**Required action**
Emit an exact copy of the lines running from the start of the records to the line containing "9. rack shelf [919, 425, 1006, 485]", both included.

'''

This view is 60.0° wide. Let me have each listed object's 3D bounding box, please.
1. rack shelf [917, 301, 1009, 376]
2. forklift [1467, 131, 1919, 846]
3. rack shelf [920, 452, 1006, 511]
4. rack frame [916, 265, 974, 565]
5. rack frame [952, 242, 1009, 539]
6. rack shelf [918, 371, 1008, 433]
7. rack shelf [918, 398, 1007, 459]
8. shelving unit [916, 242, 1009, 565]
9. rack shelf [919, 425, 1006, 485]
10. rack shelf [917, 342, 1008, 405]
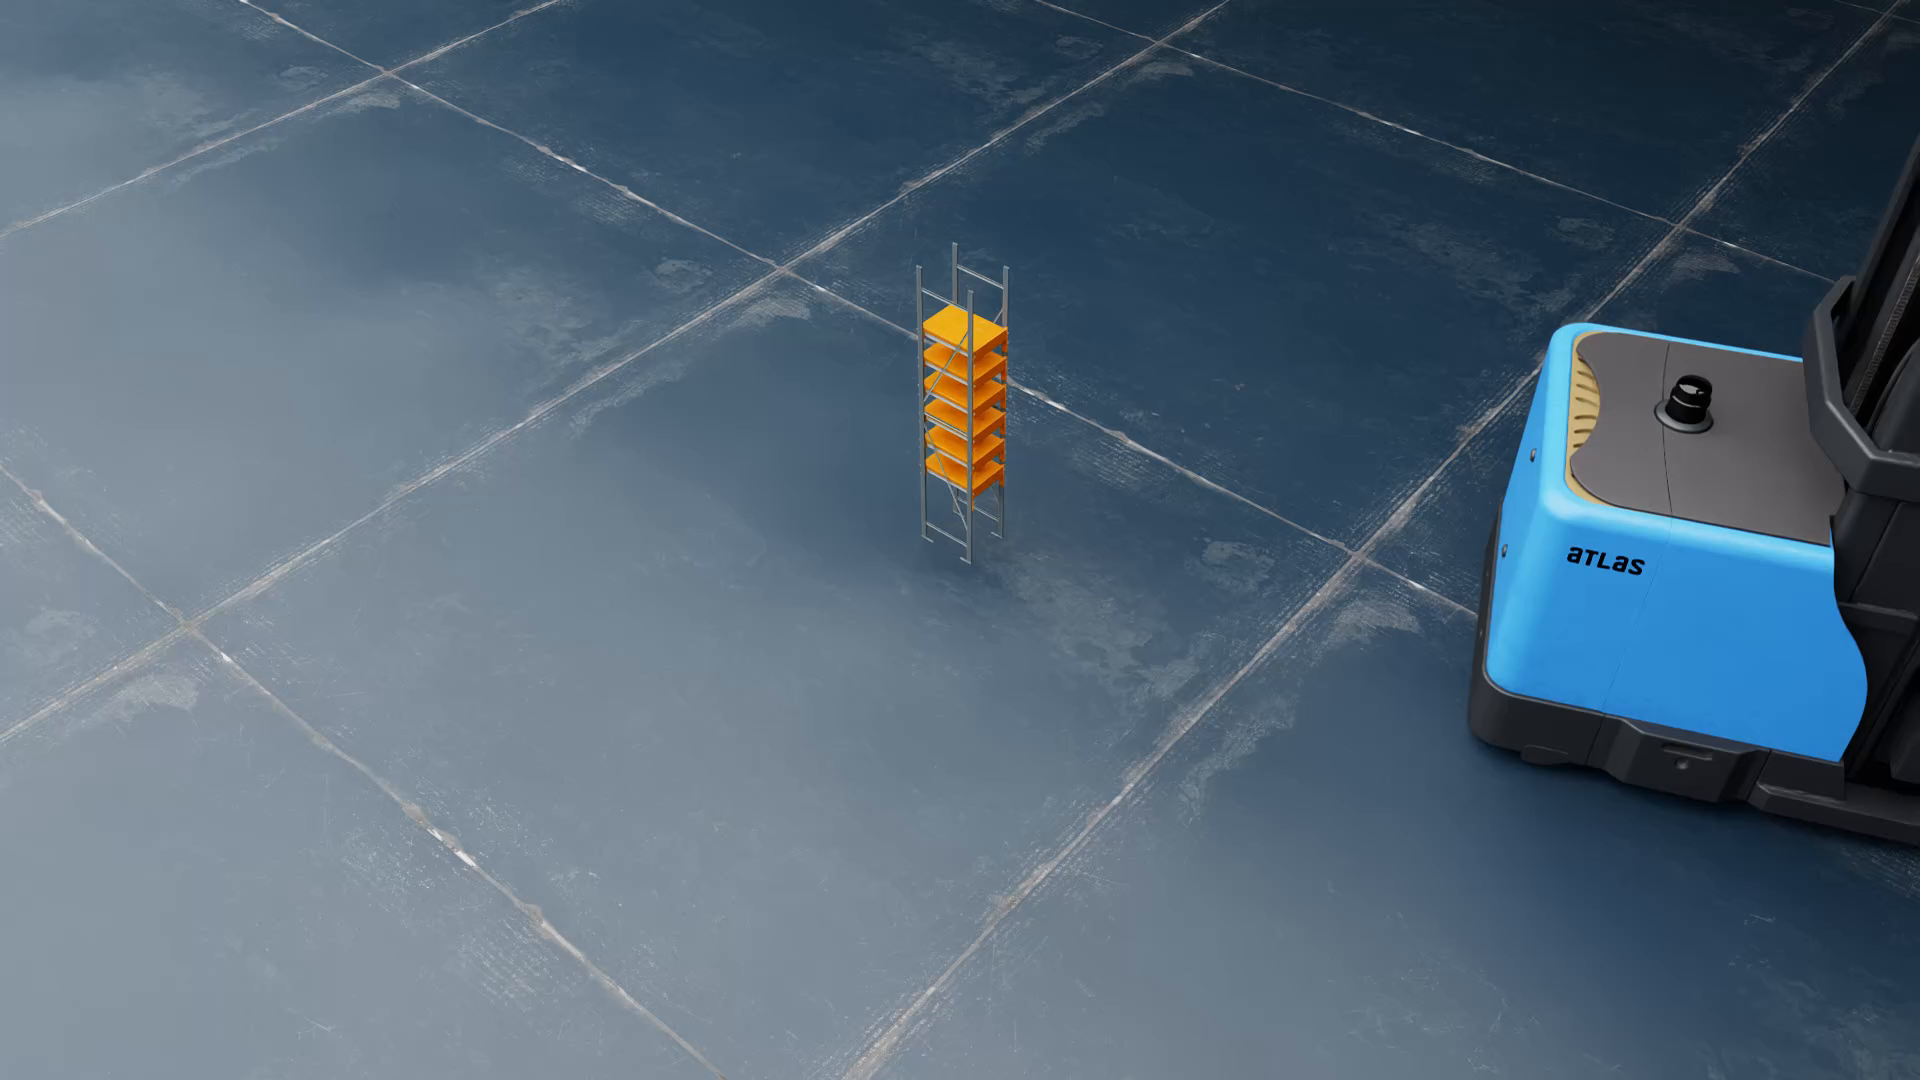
[{"bbox_3d":[0.009,-0.685,5.642,0.258,0.103,0.180,29,50,28],"label":"rack shelf"},{"bbox_3d":[3.249,-0.417,4.530,3.031,2.935,1.130,12,44,13],"label":"forklift"},{"bbox_3d":[0.009,-0.241,6.046,0.258,0.103,0.180,29,50,28],"label":"rack shelf"},{"bbox_3d":[-0.050,-0.404,5.803,0.240,1.200,0.006,29,50,28],"label":"rack frame"},{"bbox_3d":[0.068,-0.499,5.906,0.240,1.200,0.006,29,50,28],"label":"rack frame"},{"bbox_3d":[0.009,-0.507,5.804,0.258,0.103,0.180,29,50,28],"label":"rack shelf"},{"bbox_3d":[0.009,-0.419,5.884,0.258,0.103,0.180,29,50,28],"label":"rack shelf"},{"bbox_3d":[0.009,-0.451,5.855,0.258,1.200,0.189,29,50,28],"label":"shelving unit"},{"bbox_3d":[0.009,-0.330,5.965,0.258,0.103,0.180,29,50,28],"label":"rack shelf"},{"bbox_3d":[0.009,-0.596,5.723,0.258,0.103,0.180,29,50,28],"label":"rack shelf"}]

'''

**Output of the task**
This view is 60.0° wide. Let me have each listed object's 3D bounding box, please.
1. rack shelf [917, 301, 1009, 376]
2. forklift [1467, 131, 1919, 846]
3. rack shelf [920, 452, 1006, 511]
4. rack frame [916, 265, 974, 565]
5. rack frame [952, 242, 1009, 539]
6. rack shelf [918, 371, 1008, 433]
7. rack shelf [918, 398, 1007, 459]
8. shelving unit [916, 242, 1009, 565]
9. rack shelf [919, 425, 1006, 485]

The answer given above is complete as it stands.